Cyborg NVIDIA GPU Driver Proposal¶
This spec proposes to provide the initial design for Cyborg’s NVIDIA physical GPU management driver. Please note that the virtualized GPU is out of scope. we only support passthrough one pGPU card to one VM directly.
Problem description¶
This spec will add a NVIDIA GPU driver for Cyborg to manage specific NVIDIA physical GPU devices.
Use Cases¶
As an operator, I would like to use Cyborg agent starts or does resource checking periodically, the Cyborg NVIDIA GPU driver should provider
discover()
function to enumerate the list of the NVIDIA GPU devices, and report the details of all available NVIDIA GPU accelerators on the host, such as PID(Product id), VID(Vendor id), Device.As a user, I would like to boot up a VM with NVIDIA GPU card attached in order to accelerate compute ability. Cyborg should be able to manage this kind of acceleration resources and assign it to the VM(binding).
Proposed changes¶
In general, the goal is to develop a Cyborg NVIDIA GPU driver that supports
discover interfaces for NVIDIA GPU accelerator framework. The driver should
include the discover()
function. For physical GPU, this function works by
executing lspci
command and reports devices’ raw info sample as
following:
[
{
"vendor": "10de",
"product": "1db6",
"device": "0000:af:00:0"
}
]
Generate Cyborg specific driver objects and resource provider modeling for the GPU device. Below is the objects to describe a pGPU devices which complies with the Cyborg database mode and Placement data model.

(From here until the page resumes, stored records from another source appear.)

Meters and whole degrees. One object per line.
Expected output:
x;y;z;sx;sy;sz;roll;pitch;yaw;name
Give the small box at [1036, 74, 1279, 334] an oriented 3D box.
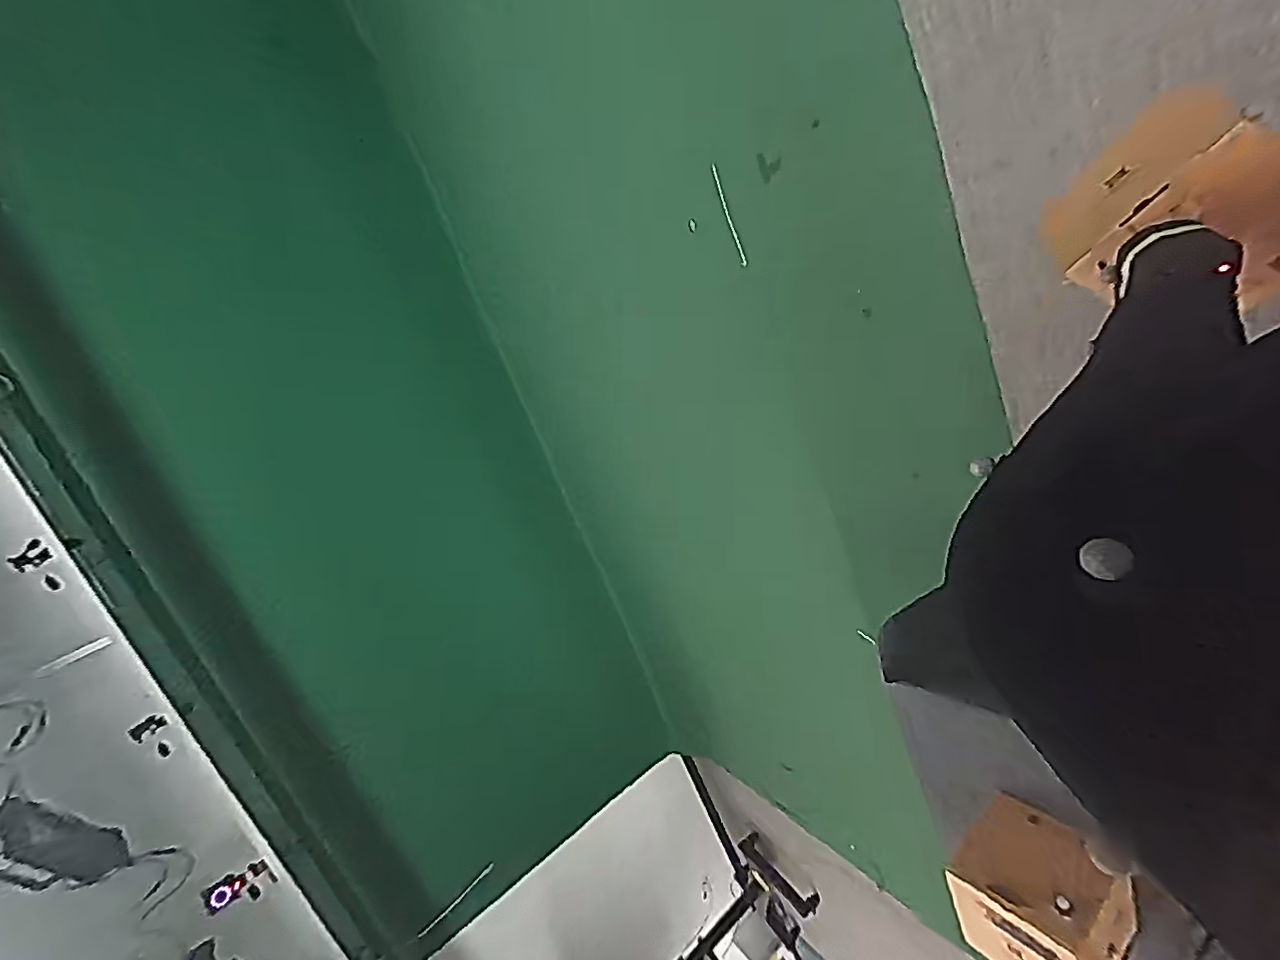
0.585;-0.292;0.588;0.176;0.179;0.168;29;138;-7;small box
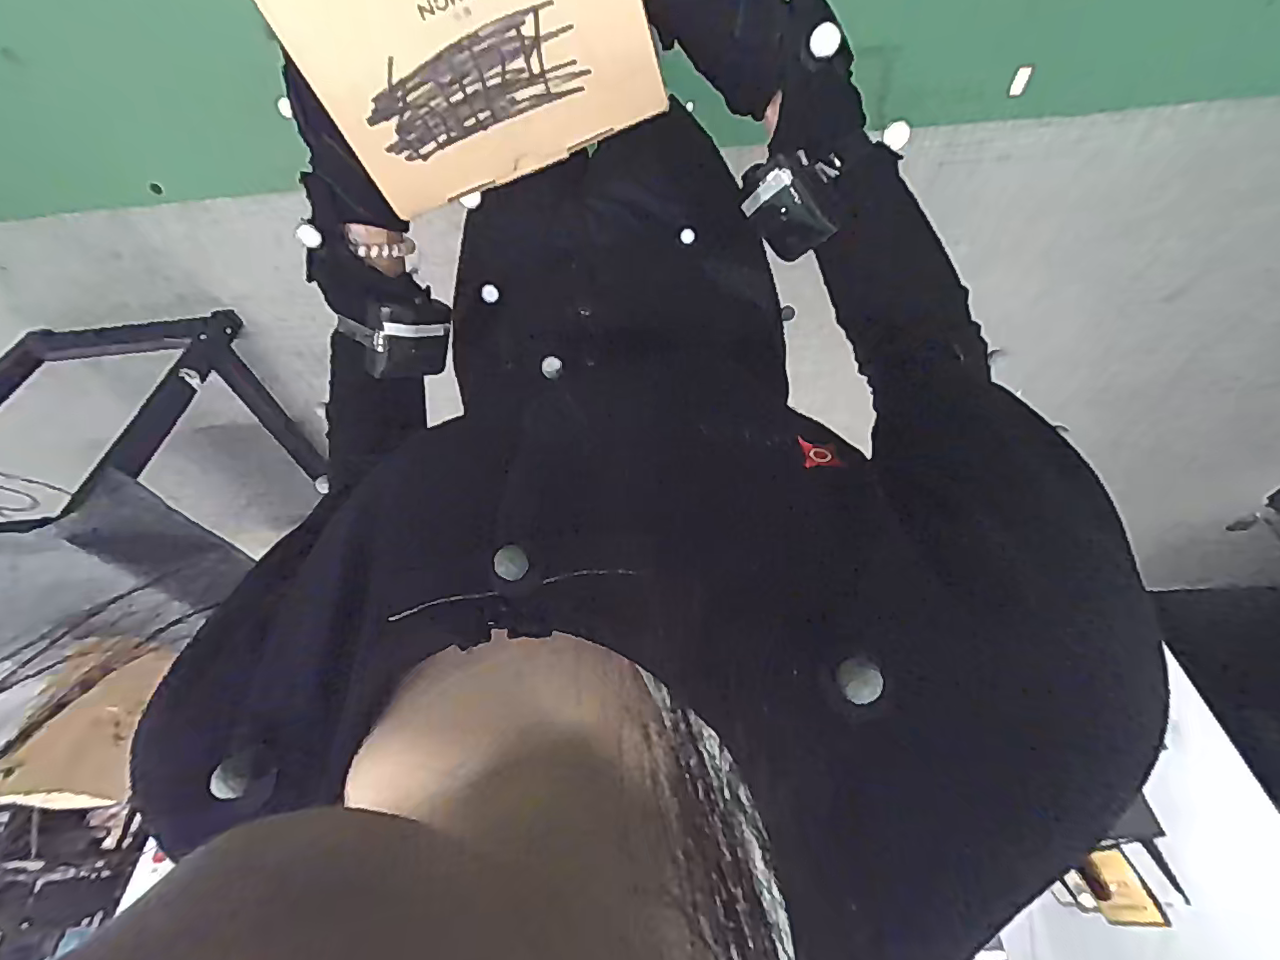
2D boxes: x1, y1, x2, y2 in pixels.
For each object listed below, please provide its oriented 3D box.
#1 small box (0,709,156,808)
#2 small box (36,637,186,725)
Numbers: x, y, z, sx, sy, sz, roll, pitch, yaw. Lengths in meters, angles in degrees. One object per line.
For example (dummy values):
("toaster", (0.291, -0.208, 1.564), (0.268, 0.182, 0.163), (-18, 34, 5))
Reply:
("small box", (-1.271, 0.629, 1.224), (0.179, 0.176, 0.168), (-7, 142, 4))
("small box", (-1.264, 0.492, 1.316), (0.179, 0.176, 0.168), (-5, 141, 4))
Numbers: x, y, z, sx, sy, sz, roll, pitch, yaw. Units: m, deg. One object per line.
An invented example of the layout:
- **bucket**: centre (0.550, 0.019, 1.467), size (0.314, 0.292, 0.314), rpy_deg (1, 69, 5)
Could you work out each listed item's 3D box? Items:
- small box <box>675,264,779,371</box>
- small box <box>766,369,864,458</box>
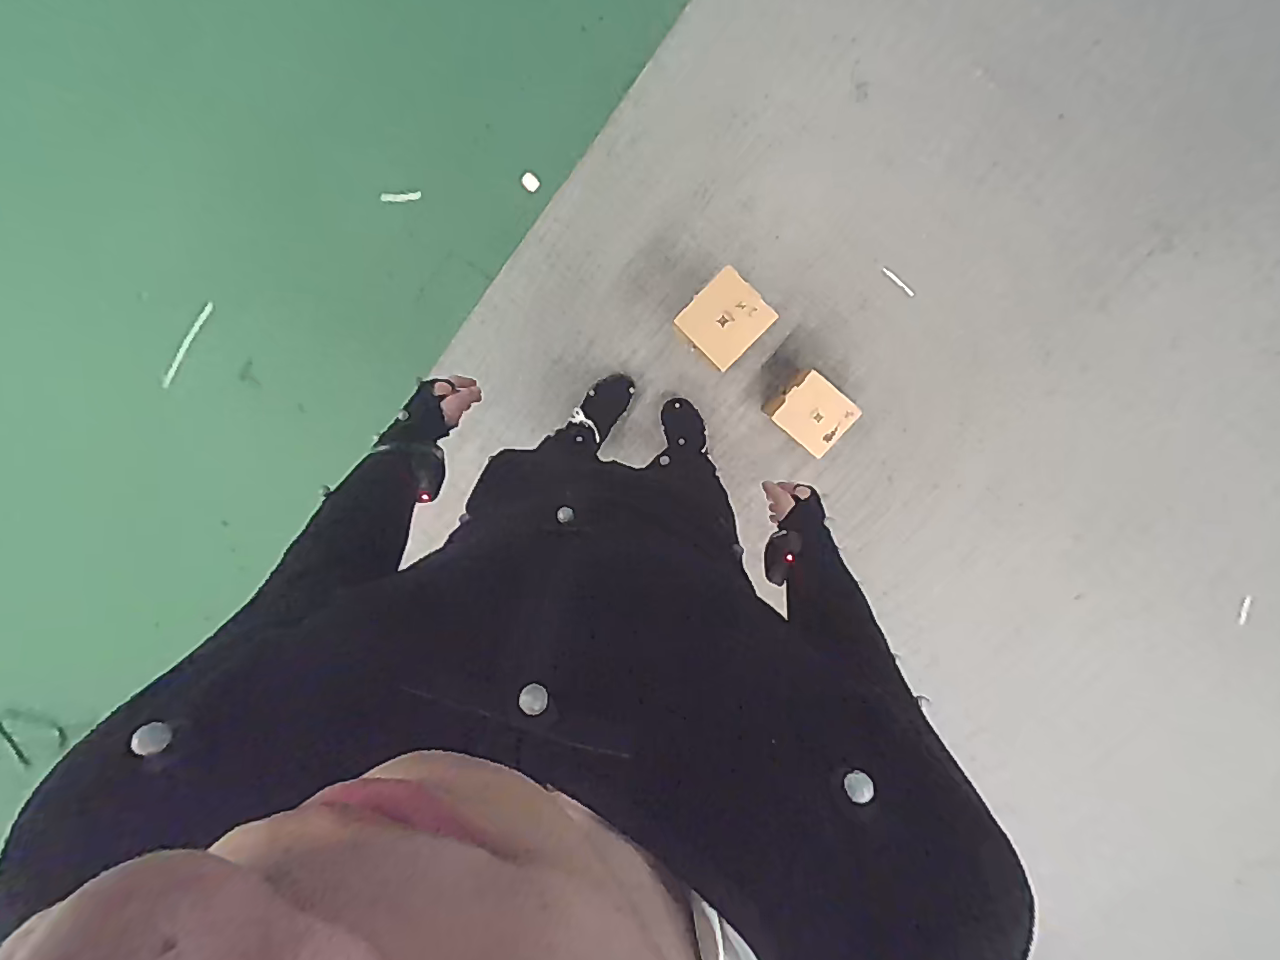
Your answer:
- **small box**: centre (0.203, -0.378, 1.288), size (0.179, 0.176, 0.168), rpy_deg (-44, 96, 11)
- **small box**: centre (0.466, -0.183, 1.474), size (0.179, 0.176, 0.168), rpy_deg (40, 102, -3)
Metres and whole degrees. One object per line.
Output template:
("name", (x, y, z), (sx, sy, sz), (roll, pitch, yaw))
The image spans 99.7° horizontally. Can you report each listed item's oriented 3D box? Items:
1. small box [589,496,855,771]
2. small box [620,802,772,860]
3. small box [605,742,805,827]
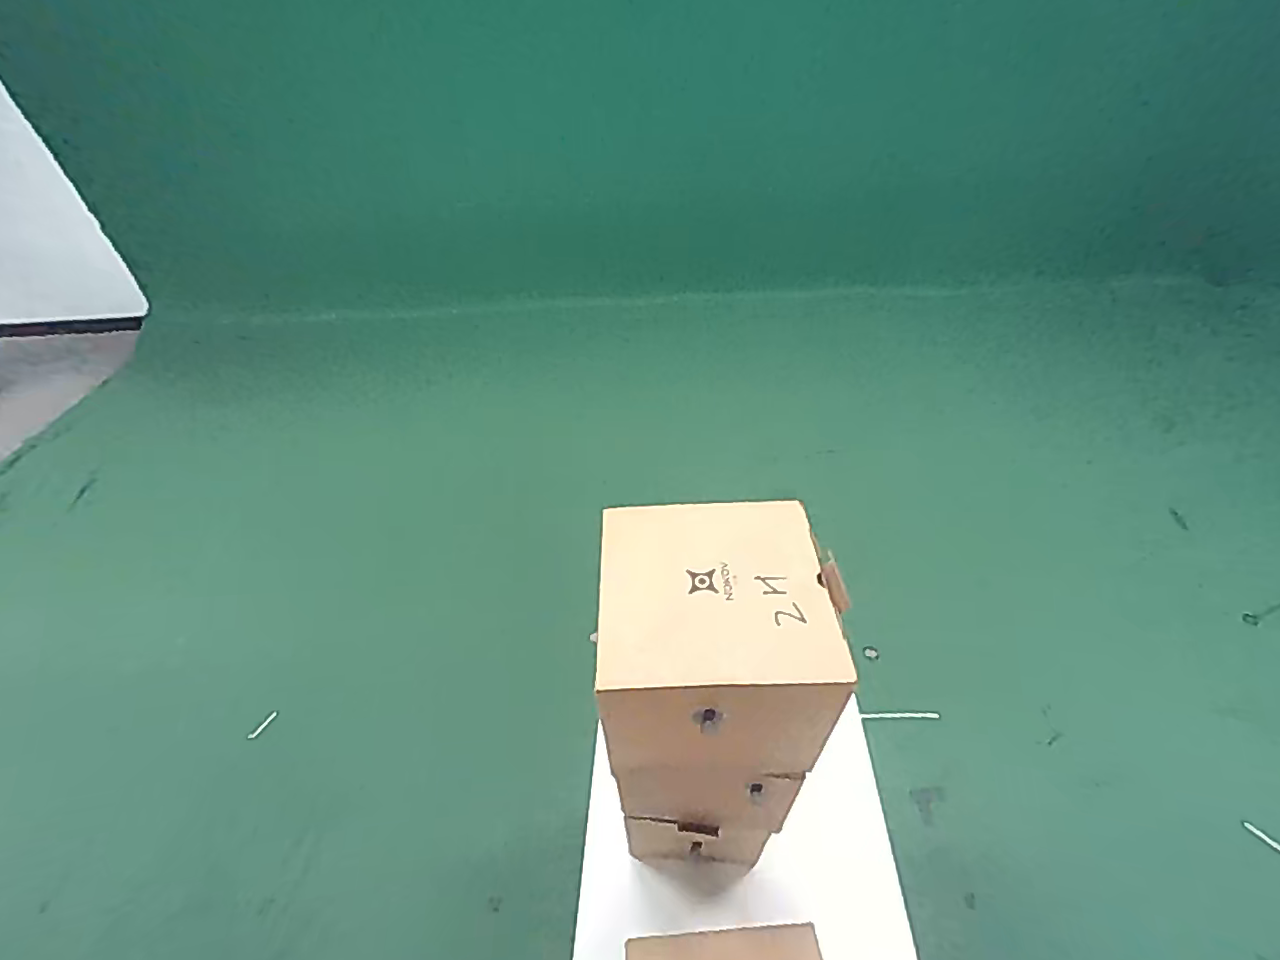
("small box", (0.056, 0.132, 0.459), (0.179, 0.176, 0.168), (-2, 44, 0))
("small box", (0.070, 0.363, 0.690), (0.168, 0.176, 0.179), (1, 44, 4))
("small box", (0.067, 0.247, 0.576), (0.179, 0.176, 0.168), (3, 44, 6))
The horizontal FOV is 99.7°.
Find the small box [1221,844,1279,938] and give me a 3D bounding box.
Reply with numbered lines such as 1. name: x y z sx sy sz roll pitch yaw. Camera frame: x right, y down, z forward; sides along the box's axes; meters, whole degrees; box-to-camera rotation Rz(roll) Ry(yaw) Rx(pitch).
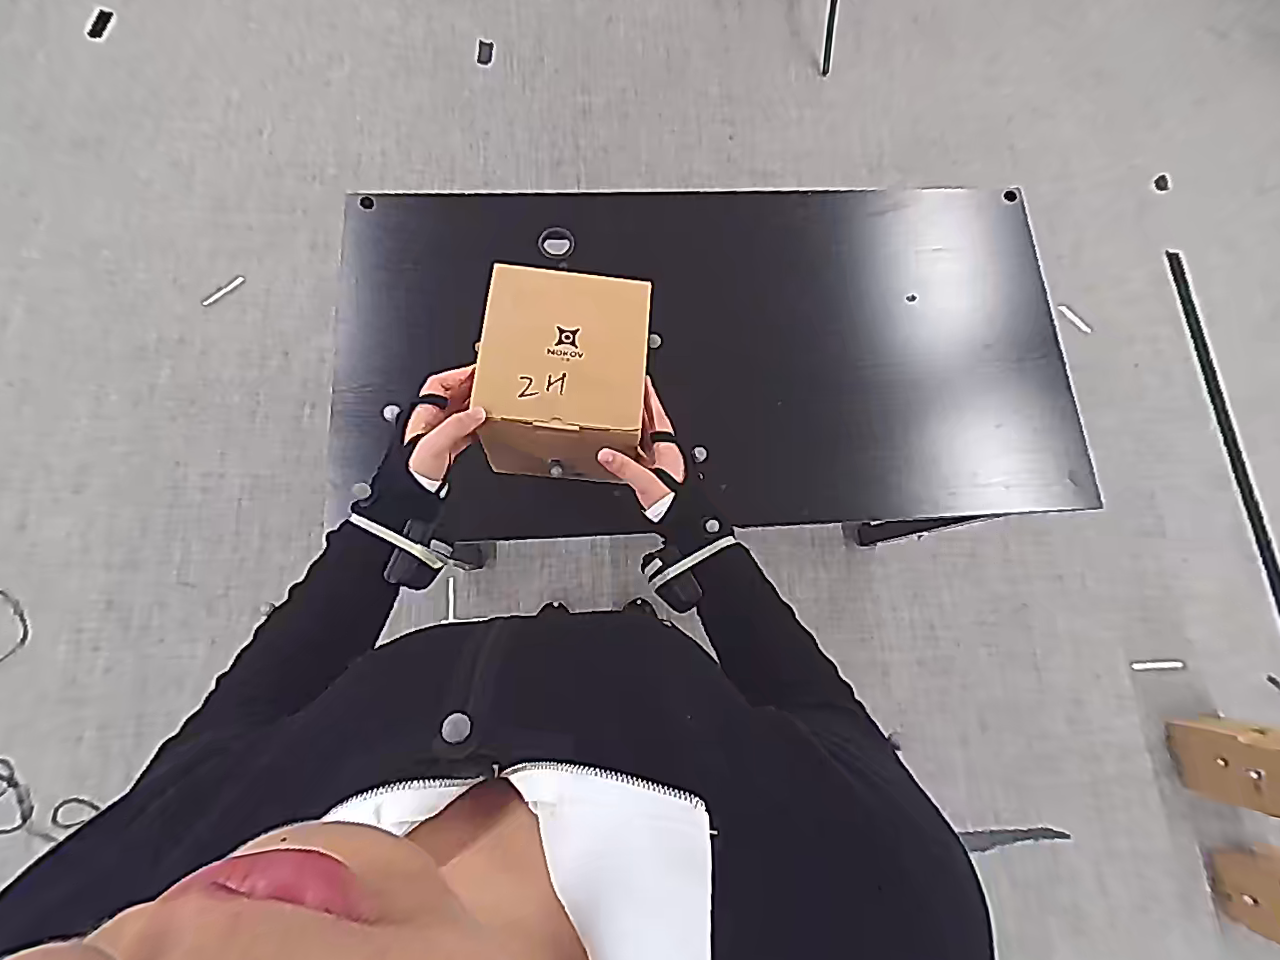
1. small box: 1.615 1.033 1.344 0.179 0.176 0.168 -2 77 -3

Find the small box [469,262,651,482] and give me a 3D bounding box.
1. small box: -0.083 -0.112 0.614 0.168 0.176 0.179 5 71 -3

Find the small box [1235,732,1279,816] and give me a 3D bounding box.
1. small box: 1.568 0.690 1.250 0.179 0.176 0.168 -6 76 -3

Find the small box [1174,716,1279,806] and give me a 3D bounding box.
1. small box: 1.563 0.723 1.409 0.168 0.176 0.179 -4 78 -3

Hardware Driver objects Placement data model
| | |
1 GPU 1 device |
| | |
| 1 deployable ---> resource_provider
| | ---> parent resource_provider: compute node
| | |
1 pGPU 1 attach_handle ---> inventories(total:1)
Alternatives¶
None
Data model impact¶
NVIDIA GPU driver will not touch Data model. The Cyborg Agent can call NVIDIA GPU driver to update the database during the discover operations.
REST API impact¶
None.
Security impact¶
None
Notifications impact¶
None
Other end user impact¶
User can manage NVIDIA GPU cards by Cyborg NVIDIA GPU driver. Such as list of the NVIDIA GPU devices, report the details of all available NVIDIA GPU accelerators on the host, binding with NVIDIA GPU and so on.
Performance Impact¶
None
Other deployer impact¶
Deployers need to make sure the GPU device hasn’t been virtualized. Otherwise, we can’t use it as a pGPU.
Developer impact¶
None
Implementation¶
Assignee(s)¶
- Primary assignee:
Wenping Song
Work Items¶
Implement NVIDIA GPU driver in Cyborg
Add related test cases.
Dependencies¶
None
Testing¶
Unit tests will be added to test this driver.
Documentation Impact¶
Document NVIDIA pGPU driver in Cyborg project. Test report in Cyborg wiki
References¶
None
History¶
Release |
Description |
---|---|
Train |
Introduced |